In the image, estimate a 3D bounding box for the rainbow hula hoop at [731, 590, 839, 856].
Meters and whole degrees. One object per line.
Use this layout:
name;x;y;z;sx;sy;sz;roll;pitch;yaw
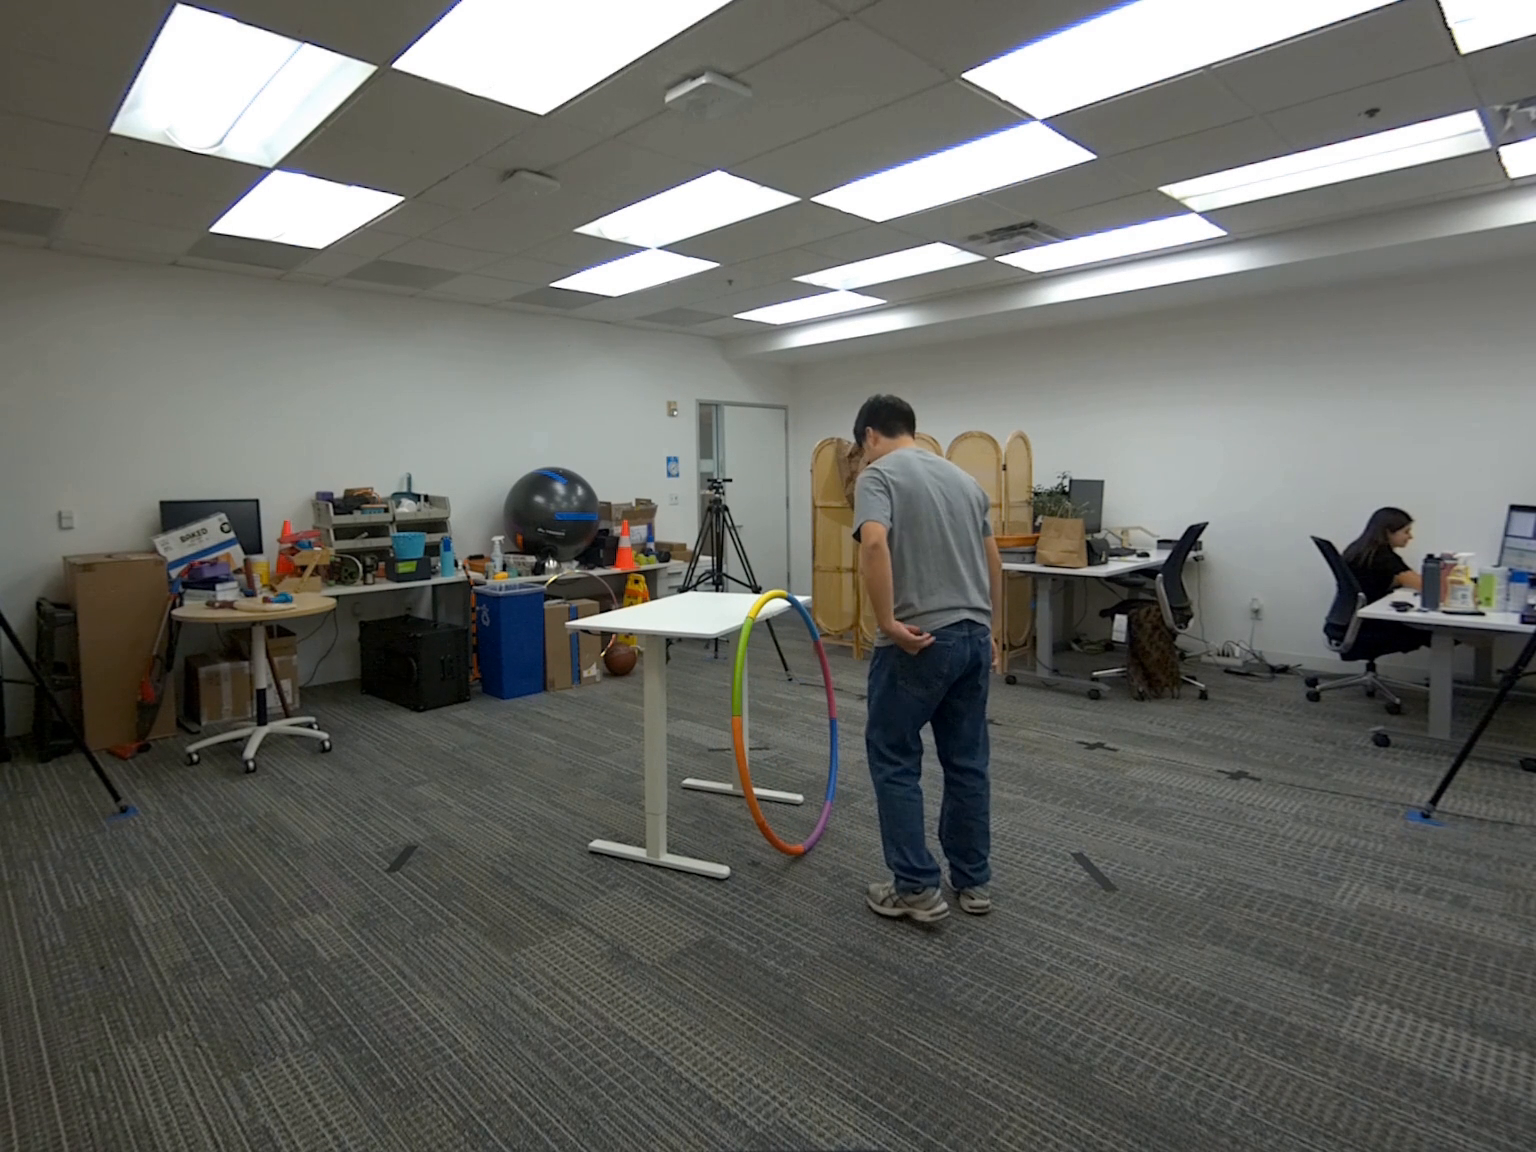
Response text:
rainbow hula hoop;0.091;0.547;3.267;0.036;0.979;0.962;-10;1;22
....................
Where a picture appears in the data, omit it; restate the rest word for word.

**YOUR RESPONSE**
In the image, estimate a 3D bounding box for the rainbow hula hoop at [731, 590, 839, 856].
Meters and whole degrees. One object per line.
Use this layout:
name;x;y;z;sx;sy;sz;roll;pitch;yaw
Response text:
rainbow hula hoop;0.091;0.547;3.267;0.036;0.979;0.962;-10;1;22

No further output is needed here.